### The problem
Reprint every entry, character for character.

### Data for this exercise
# # # #
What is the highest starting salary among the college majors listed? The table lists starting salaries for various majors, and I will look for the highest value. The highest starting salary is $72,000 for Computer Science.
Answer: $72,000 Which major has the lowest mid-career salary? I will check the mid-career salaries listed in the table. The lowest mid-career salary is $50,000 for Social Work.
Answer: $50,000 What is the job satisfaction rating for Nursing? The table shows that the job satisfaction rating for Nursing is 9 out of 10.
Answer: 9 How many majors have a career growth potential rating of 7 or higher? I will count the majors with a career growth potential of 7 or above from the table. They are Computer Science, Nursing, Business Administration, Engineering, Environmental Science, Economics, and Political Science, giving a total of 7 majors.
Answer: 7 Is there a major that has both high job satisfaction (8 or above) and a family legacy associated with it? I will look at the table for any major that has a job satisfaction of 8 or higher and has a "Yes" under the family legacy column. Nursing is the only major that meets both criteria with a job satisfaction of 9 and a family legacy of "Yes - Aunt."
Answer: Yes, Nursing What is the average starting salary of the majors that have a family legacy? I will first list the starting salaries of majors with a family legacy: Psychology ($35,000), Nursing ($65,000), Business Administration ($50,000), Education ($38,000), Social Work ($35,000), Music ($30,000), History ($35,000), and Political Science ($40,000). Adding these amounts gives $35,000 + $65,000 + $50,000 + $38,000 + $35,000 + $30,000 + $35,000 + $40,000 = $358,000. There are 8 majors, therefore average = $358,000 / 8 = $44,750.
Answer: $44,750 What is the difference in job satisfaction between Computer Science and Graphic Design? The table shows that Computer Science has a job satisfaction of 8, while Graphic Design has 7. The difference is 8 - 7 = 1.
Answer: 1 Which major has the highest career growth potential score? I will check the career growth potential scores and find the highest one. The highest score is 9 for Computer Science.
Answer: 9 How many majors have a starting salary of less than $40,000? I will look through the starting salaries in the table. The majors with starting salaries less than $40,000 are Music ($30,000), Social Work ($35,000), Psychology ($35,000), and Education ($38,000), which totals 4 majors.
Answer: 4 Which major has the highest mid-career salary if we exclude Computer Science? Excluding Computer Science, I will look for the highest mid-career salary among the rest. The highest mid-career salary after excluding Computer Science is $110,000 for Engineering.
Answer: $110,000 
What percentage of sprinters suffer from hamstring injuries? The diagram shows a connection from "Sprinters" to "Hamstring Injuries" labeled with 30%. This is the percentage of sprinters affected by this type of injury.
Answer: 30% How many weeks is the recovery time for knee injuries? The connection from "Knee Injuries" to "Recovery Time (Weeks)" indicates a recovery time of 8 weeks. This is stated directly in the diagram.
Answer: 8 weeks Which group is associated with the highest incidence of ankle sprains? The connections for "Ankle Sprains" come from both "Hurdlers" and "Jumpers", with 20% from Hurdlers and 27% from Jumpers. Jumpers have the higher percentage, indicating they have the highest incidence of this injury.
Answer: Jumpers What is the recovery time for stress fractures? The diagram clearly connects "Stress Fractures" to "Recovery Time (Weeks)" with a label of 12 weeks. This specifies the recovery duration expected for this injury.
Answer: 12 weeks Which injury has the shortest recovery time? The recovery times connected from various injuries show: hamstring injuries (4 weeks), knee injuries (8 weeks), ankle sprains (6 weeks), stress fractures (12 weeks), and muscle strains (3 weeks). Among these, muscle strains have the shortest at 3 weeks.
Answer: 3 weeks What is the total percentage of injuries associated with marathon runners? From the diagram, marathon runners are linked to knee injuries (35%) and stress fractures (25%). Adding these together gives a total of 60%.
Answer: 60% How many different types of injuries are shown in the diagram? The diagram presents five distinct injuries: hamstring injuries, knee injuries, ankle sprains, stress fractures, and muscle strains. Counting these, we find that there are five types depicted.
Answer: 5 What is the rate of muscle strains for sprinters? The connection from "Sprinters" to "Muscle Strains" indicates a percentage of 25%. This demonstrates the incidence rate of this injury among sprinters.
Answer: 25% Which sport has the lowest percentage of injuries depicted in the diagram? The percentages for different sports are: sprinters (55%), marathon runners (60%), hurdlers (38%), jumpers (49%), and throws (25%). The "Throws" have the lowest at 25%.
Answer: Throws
# # # #
### Solution below
What is the highest starting salary among the college majors listed? The table lists starting salaries for various majors, and I will look for the highest value. The highest starting salary is $72,000 for Computer Science.
Answer: $72,000 Which major has the lowest mid-career salary? I will check the mid-career salaries listed in the table. The lowest mid-career salary is $50,000 for Social Work.
Answer: $50,000 What is the job satisfaction rating for Nursing? The table shows that the job satisfaction rating for Nursing is 9 out of 10.
Answer: 9 How many majors have a career growth potential rating of 7 or higher? I will count the majors with a career growth potential of 7 or above from the table. They are Computer Science, Nursing, Business Administration, Engineering, Environmental Science, Economics, and Political Science, giving a total of 7 majors.
Answer: 7 Is there a major that has both high job satisfaction (8 or above) and a family legacy associated with it? I will look at the table for any major that has a job satisfaction of 8 or higher and has a "Yes" under the family legacy column. Nursing is the only major that meets both criteria with a job satisfaction of 9 and a family legacy of "Yes - Aunt."
Answer: Yes, Nursing What is the average starting salary of the majors that have a family legacy? I will first list the starting salaries of majors with a family legacy: Psychology ($35,000), Nursing ($65,000), Business Administration ($50,000), Education ($38,000), Social Work ($35,000), Music ($30,000), History ($35,000), and Political Science ($40,000). Adding these amounts gives $35,000 + $65,000 + $50,000 + $38,000 + $35,000 + $30,000 + $35,000 + $40,000 = $358,000. There are 8 majors, therefore average = $358,000 / 8 = $44,750.
Answer: $44,750 What is the difference in job satisfaction between Computer Science and Graphic Design? The table shows that Computer Science has a job satisfaction of 8, while Graphic Design has 7. The difference is 8 - 7 = 1.
Answer: 1 Which major has the highest career growth potential score? I will check the career growth potential scores and find the highest one. The highest score is 9 for Computer Science.
Answer: 9 How many majors have a starting salary of less than $40,000? I will look through the starting salaries in the table. The majors with starting salaries less than $40,000 are Music ($30,000), Social Work ($35,000), Psychology ($35,000), and Education ($38,000), which totals 4 majors.
Answer: 4 Which major has the highest mid-career salary if we exclude Computer Science? Excluding Computer Science, I will look for the highest mid-career salary among the rest. The highest mid-career salary after excluding Computer Science is $110,000 for Engineering.
Answer: $110,000 
What percentage of sprinters suffer from hamstring injuries? The diagram shows a connection from "Sprinters" to "Hamstring Injuries" labeled with 30%. This is the percentage of sprinters affected by this type of injury.
Answer: 30% How many weeks is the recovery time for knee injuries? The connection from "Knee Injuries" to "Recovery Time (Weeks)" indicates a recovery time of 8 weeks. This is stated directly in the diagram.
Answer: 8 weeks Which group is associated with the highest incidence of ankle sprains? The connections for "Ankle Sprains" come from both "Hurdlers" and "Jumpers", with 20% from Hurdlers and 27% from Jumpers. Jumpers have the higher percentage, indicating they have the highest incidence of this injury.
Answer: Jumpers What is the recovery time for stress fractures? The diagram clearly connects "Stress Fractures" to "Recovery Time (Weeks)" with a label of 12 weeks. This specifies the recovery duration expected for this injury.
Answer: 12 weeks Which injury has the shortest recovery time? The recovery times connected from various injuries show: hamstring injuries (4 weeks), knee injuries (8 weeks), ankle sprains (6 weeks), stress fractures (12 weeks), and muscle strains (3 weeks). Among these, muscle strains have the shortest at 3 weeks.
Answer: 3 weeks What is the total percentage of injuries associated with marathon runners? From the diagram, marathon runners are linked to knee injuries (35%) and stress fractures (25%). Adding these together gives a total of 60%.
Answer: 60% How many different types of injuries are shown in the diagram? The diagram presents five distinct injuries: hamstring injuries, knee injuries, ankle sprains, stress fractures, and muscle strains. Counting these, we find that there are five types depicted.
Answer: 5 What is the rate of muscle strains for sprinters? The connection from "Sprinters" to "Muscle Strains" indicates a percentage of 25%. This demonstrates the incidence rate of this injury among sprinters.
Answer: 25% Which sport has the lowest percentage of injuries depicted in the diagram? The percentages for different sports are: sprinters (55%), marathon runners (60%), hurdlers (38%), jumpers (49%), and throws (25%). The "Throws" have the lowest at 25%.
Answer: Throws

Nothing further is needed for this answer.